## What the task requires
An exact copy of every entry is needed, with the images left out.

## Available records
────
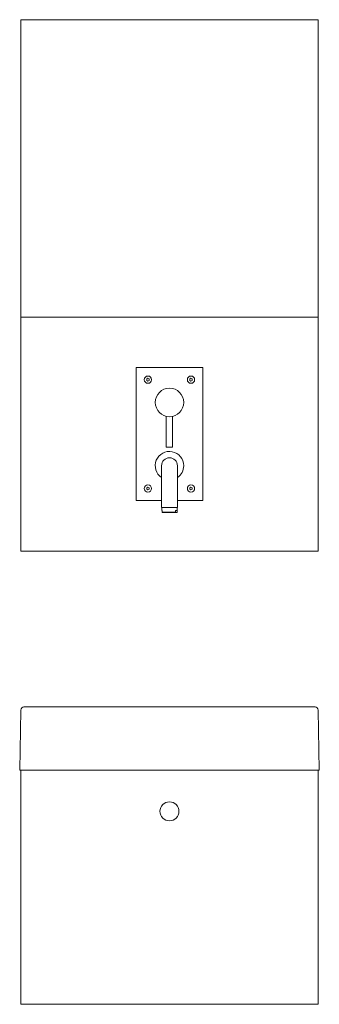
# Model space of a CAD drawing. Header units: millimetres. Extents: x 223.21 to 223.68, y 319.15 to 320.7.
import ezdxf

# ---------------------------------------------------------------- set-up
doc = ezdxf.new("R2010")
doc.units = ezdxf.units.MM
doc.layers.add('SANINDUSA', color=3, linetype='Continuous')

msp = doc.modelspace()

# ---------------------------------------------------------------- linework, layer by layer
at = {"layer": 'SANINDUSA', "linetype": 'Continuous', "lineweight": 15}
for p, q in [((223.2073, 320.7026), (223.2073, 320.2326)), ((223.6773, 320.7026), (223.2073, 320.7026)), ((223.6773, 320.2326), (223.6773, 320.7026)), ((223.6773, 320.2326), (223.2073, 320.2326)), ((223.2073, 320.2326), (223.2073, 319.8626)), ((223.6773, 319.8626), (223.6773, 320.2326)), ((223.3898, 320.1526), (223.4948, 320.1526)), ((223.3898, 319.9426), (223.3898, 320.1526)), ((223.4948, 320.1526), (223.4948, 319.9426)), ((223.4063, 320.1347), (223.4083, 320.1359)), ((223.4063, 320.1324), (223.4063, 320.1347)), ((223.4083, 320.1359), (223.4103, 320.1347)), ((223.4103, 320.1347), (223.4103, 320.1324)), ((223.4743, 320.1347), (223.4763, 320.1359)), ((223.4743, 320.1324), (223.4743, 320.1347)), ((223.4763, 320.1359), (223.4783, 320.1347)), ((223.4783, 320.1347), (223.4783, 320.1324)), ((223.4083, 320.1313), (223.4063, 320.1324)), ((223.4103, 320.1324), (223.4083, 320.1313)), ((223.4763, 320.1313), (223.4743, 320.1324)), ((223.4783, 320.1324), (223.4763, 320.1313)), ((223.4373, 320.0757), (223.4373, 320.0271)), ((223.4473, 320.0271), (223.4473, 320.0757)), ((223.4373, 320.0271), (223.4473, 320.0271)), ((223.4063, 319.9627), (223.4083, 319.9639)), ((223.4083, 319.9639), (223.4103, 319.9627)), ((223.4743, 319.9627), (223.4763, 319.9639)), ((223.4763, 319.9639), (223.4783, 319.9627)), ((223.4063, 319.9604), (223.4063, 319.9627)), ((223.4083, 319.9593), (223.4063, 319.9604)), ((223.4103, 319.9604), (223.4083, 319.9593)), ((223.4103, 319.9627), (223.4103, 319.9604)), ((223.4743, 319.9604), (223.4743, 319.9627)), ((223.4763, 319.9593), (223.4743, 319.9604)), ((223.4783, 319.9604), (223.4763, 319.9593)), ((223.4783, 319.9627), (223.4783, 319.9604)), ((223.4298, 319.9426), (223.3898, 319.9426)), ((223.4298, 319.9401), (223.4298, 319.932)), ((223.4948, 319.9426), (223.4548, 319.9426)), ((223.4548, 319.932), (223.4548, 319.9401)), ((223.4301, 319.9318), (223.4546, 319.9318)), ((223.4303, 319.9318), (223.4303, 319.9268)), ((223.4303, 319.9268), (223.4305, 319.9268)), ((223.4305, 319.9268), (223.4305, 319.9243)), ((223.4517, 319.9243), (223.4305, 319.9243)), ((223.4305, 319.9243), (223.4308, 319.9238)), ((223.4517, 319.9268), (223.4543, 319.9268)), ((223.4517, 319.9243), (223.4517, 319.9268)), ((223.4521, 319.9238), (223.4517, 319.9243)), ((223.4521, 319.9238), (223.4538, 319.9238)), ((223.4542, 319.9243), (223.4538, 319.9238)), ((223.4542, 319.9268), (223.4542, 319.9243)), ((223.4543, 319.9268), (223.4543, 319.9318)), ((223.2073, 319.8626), (223.6773, 319.8626)), ((223.2056, 319.5163), (223.2073, 319.6114)), ((223.2123, 319.6163), (223.6724, 319.6163)), ((223.6774, 319.6114), (223.6791, 319.5163)), ((223.2073, 319.5163), (223.2056, 319.5163)), ((223.6773, 319.5163), (223.2073, 319.5163)), ((223.2073, 319.5163), (223.2073, 319.1463)), ((223.6773, 319.1463), (223.6773, 319.5163)), ((223.6791, 319.5163), (223.6773, 319.5163)), ((223.2073, 319.1463), (223.6773, 319.1463))]:
    msp.add_line(p, q, dxfattribs=at)
at = {"layer": 'SANINDUSA', "linetype": 'Continuous', "lineweight": 15, "flags": 128}
for points in [[(223.4298, 319.9976), (223.4298, 319.9974), (223.4298, 319.9969), (223.4298, 319.996), (223.4298, 319.9948), (223.4298, 319.9932), (223.4298, 319.9913), (223.4298, 319.9891), (223.4298, 319.9866), (223.4298, 319.9838), (223.4298, 319.9808), (223.4298, 319.9774), (223.4298, 319.9739), (223.4298, 319.9701), (223.4298, 319.9662), (223.4298, 319.9621), (223.4298, 319.9579), (223.4298, 319.9535), (223.4298, 319.9491), (223.4298, 319.9446), (223.4298, 319.9401)], [(223.4548, 319.9401), (223.4548, 319.9446), (223.4548, 319.9491), (223.4548, 319.9535), (223.4548, 319.9579), (223.4548, 319.9621), (223.4548, 319.9662), (223.4548, 319.9701), (223.4548, 319.9739), (223.4548, 319.9774), (223.4548, 319.9808), (223.4548, 319.9838), (223.4548, 319.9866), (223.4548, 319.9891), (223.4548, 319.9913), (223.4548, 319.9932), (223.4548, 319.9948), (223.4548, 319.996), (223.4548, 319.9969), (223.4548, 319.9974), (223.4548, 319.9976)], [(223.4308, 319.9238), (223.4311, 319.9238), (223.4317, 319.9238), (223.4327, 319.9238), (223.434, 319.9238), (223.4356, 319.9238), (223.4374, 319.9238), (223.4393, 319.9238), (223.4414, 319.9238), (223.4435, 319.9238), (223.4455, 319.9238), (223.4475, 319.9238), (223.4493, 319.9238), (223.4508, 319.9238), (223.4521, 319.9238)]]:
    msp.add_lwpolyline(points, dxfattribs=at)
at = {"layer": 'SANINDUSA', "linetype": 'Continuous', "lineweight": 15}
for centre, radius in [((223.4083, 320.1336), 0.00575), ((223.4763, 320.1336), 0.00575), ((223.4423, 320.0976), 0.0225), ((223.4083, 319.9616), 0.00575), ((223.4763, 319.9616), 0.00575), ((223.4423, 319.4513), 0.015)]:
    msp.add_circle(centre, radius, dxfattribs=at)
for centre, radius, start, end in [((223.4423, 319.9976), 0.0225, 0, 236.251), ((223.4423, 319.9976), 0.0125, 0, 180), ((223.4423, 319.9976), 0.0225, 303.749, 0), ((223.4301, 319.932), 0.00025, 180, 270), ((223.4546, 319.932), 0.00025, 270, 0), ((223.2123, 319.6113), 0.005, 90, 179), ((223.6724, 319.6113), 0.005, 1, 90)]:
    msp.add_arc(centre, radius, start, end, dxfattribs=at)

doc.saveas('drawing.dxf')
────
## Solution
# Model space of a CAD drawing. Header units: millimetres. Extents: x 223.21 to 223.68, y 319.15 to 320.7.
import ezdxf

# ---------------------------------------------------------------- set-up
doc = ezdxf.new("R2010")
doc.units = ezdxf.units.MM
doc.layers.add('SANINDUSA', color=3, linetype='Continuous')

msp = doc.modelspace()

# ---------------------------------------------------------------- linework, layer by layer
at = {"layer": 'SANINDUSA', "linetype": 'Continuous', "lineweight": 15}
for p, q in [((223.2073, 320.7026), (223.2073, 320.2326)), ((223.6773, 320.7026), (223.2073, 320.7026)), ((223.6773, 320.2326), (223.6773, 320.7026)), ((223.6773, 320.2326), (223.2073, 320.2326)), ((223.2073, 320.2326), (223.2073, 319.8626)), ((223.6773, 319.8626), (223.6773, 320.2326)), ((223.3898, 320.1526), (223.4948, 320.1526)), ((223.3898, 319.9426), (223.3898, 320.1526)), ((223.4948, 320.1526), (223.4948, 319.9426)), ((223.4063, 320.1347), (223.4083, 320.1359)), ((223.4063, 320.1324), (223.4063, 320.1347)), ((223.4083, 320.1359), (223.4103, 320.1347)), ((223.4103, 320.1347), (223.4103, 320.1324)), ((223.4743, 320.1347), (223.4763, 320.1359)), ((223.4743, 320.1324), (223.4743, 320.1347)), ((223.4763, 320.1359), (223.4783, 320.1347)), ((223.4783, 320.1347), (223.4783, 320.1324)), ((223.4083, 320.1313), (223.4063, 320.1324)), ((223.4103, 320.1324), (223.4083, 320.1313)), ((223.4763, 320.1313), (223.4743, 320.1324)), ((223.4783, 320.1324), (223.4763, 320.1313)), ((223.4373, 320.0757), (223.4373, 320.0271)), ((223.4473, 320.0271), (223.4473, 320.0757)), ((223.4373, 320.0271), (223.4473, 320.0271)), ((223.4063, 319.9627), (223.4083, 319.9639)), ((223.4083, 319.9639), (223.4103, 319.9627)), ((223.4743, 319.9627), (223.4763, 319.9639)), ((223.4763, 319.9639), (223.4783, 319.9627)), ((223.4063, 319.9604), (223.4063, 319.9627)), ((223.4083, 319.9593), (223.4063, 319.9604)), ((223.4103, 319.9604), (223.4083, 319.9593)), ((223.4103, 319.9627), (223.4103, 319.9604)), ((223.4743, 319.9604), (223.4743, 319.9627)), ((223.4763, 319.9593), (223.4743, 319.9604)), ((223.4783, 319.9604), (223.4763, 319.9593)), ((223.4783, 319.9627), (223.4783, 319.9604)), ((223.4298, 319.9426), (223.3898, 319.9426)), ((223.4298, 319.9401), (223.4298, 319.932)), ((223.4948, 319.9426), (223.4548, 319.9426)), ((223.4548, 319.932), (223.4548, 319.9401)), ((223.4301, 319.9318), (223.4546, 319.9318)), ((223.4303, 319.9318), (223.4303, 319.9268)), ((223.4303, 319.9268), (223.4305, 319.9268)), ((223.4305, 319.9268), (223.4305, 319.9243)), ((223.4517, 319.9243), (223.4305, 319.9243)), ((223.4305, 319.9243), (223.4308, 319.9238)), ((223.4517, 319.9268), (223.4543, 319.9268)), ((223.4517, 319.9243), (223.4517, 319.9268)), ((223.4521, 319.9238), (223.4517, 319.9243)), ((223.4521, 319.9238), (223.4538, 319.9238)), ((223.4542, 319.9243), (223.4538, 319.9238)), ((223.4542, 319.9268), (223.4542, 319.9243)), ((223.4543, 319.9268), (223.4543, 319.9318)), ((223.2073, 319.8626), (223.6773, 319.8626)), ((223.2056, 319.5163), (223.2073, 319.6114)), ((223.2123, 319.6163), (223.6724, 319.6163)), ((223.6774, 319.6114), (223.6791, 319.5163)), ((223.2073, 319.5163), (223.2056, 319.5163)), ((223.6773, 319.5163), (223.2073, 319.5163)), ((223.2073, 319.5163), (223.2073, 319.1463)), ((223.6773, 319.1463), (223.6773, 319.5163)), ((223.6791, 319.5163), (223.6773, 319.5163)), ((223.2073, 319.1463), (223.6773, 319.1463))]:
    msp.add_line(p, q, dxfattribs=at)
at = {"layer": 'SANINDUSA', "linetype": 'Continuous', "lineweight": 15, "flags": 128}
for points in [[(223.4298, 319.9976), (223.4298, 319.9974), (223.4298, 319.9969), (223.4298, 319.996), (223.4298, 319.9948), (223.4298, 319.9932), (223.4298, 319.9913), (223.4298, 319.9891), (223.4298, 319.9866), (223.4298, 319.9838), (223.4298, 319.9808), (223.4298, 319.9774), (223.4298, 319.9739), (223.4298, 319.9701), (223.4298, 319.9662), (223.4298, 319.9621), (223.4298, 319.9579), (223.4298, 319.9535), (223.4298, 319.9491), (223.4298, 319.9446), (223.4298, 319.9401)], [(223.4548, 319.9401), (223.4548, 319.9446), (223.4548, 319.9491), (223.4548, 319.9535), (223.4548, 319.9579), (223.4548, 319.9621), (223.4548, 319.9662), (223.4548, 319.9701), (223.4548, 319.9739), (223.4548, 319.9774), (223.4548, 319.9808), (223.4548, 319.9838), (223.4548, 319.9866), (223.4548, 319.9891), (223.4548, 319.9913), (223.4548, 319.9932), (223.4548, 319.9948), (223.4548, 319.996), (223.4548, 319.9969), (223.4548, 319.9974), (223.4548, 319.9976)], [(223.4308, 319.9238), (223.4311, 319.9238), (223.4317, 319.9238), (223.4327, 319.9238), (223.434, 319.9238), (223.4356, 319.9238), (223.4374, 319.9238), (223.4393, 319.9238), (223.4414, 319.9238), (223.4435, 319.9238), (223.4455, 319.9238), (223.4475, 319.9238), (223.4493, 319.9238), (223.4508, 319.9238), (223.4521, 319.9238)]]:
    msp.add_lwpolyline(points, dxfattribs=at)
at = {"layer": 'SANINDUSA', "linetype": 'Continuous', "lineweight": 15}
for centre, radius in [((223.4083, 320.1336), 0.00575), ((223.4763, 320.1336), 0.00575), ((223.4423, 320.0976), 0.0225), ((223.4083, 319.9616), 0.00575), ((223.4763, 319.9616), 0.00575), ((223.4423, 319.4513), 0.015)]:
    msp.add_circle(centre, radius, dxfattribs=at)
for centre, radius, start, end in [((223.4423, 319.9976), 0.0225, 0, 236.251), ((223.4423, 319.9976), 0.0125, 0, 180), ((223.4423, 319.9976), 0.0225, 303.749, 0), ((223.4301, 319.932), 0.00025, 180, 270), ((223.4546, 319.932), 0.00025, 270, 0), ((223.2123, 319.6113), 0.005, 90, 179), ((223.6724, 319.6113), 0.005, 1, 90)]:
    msp.add_arc(centre, radius, start, end, dxfattribs=at)

doc.saveas('drawing.dxf')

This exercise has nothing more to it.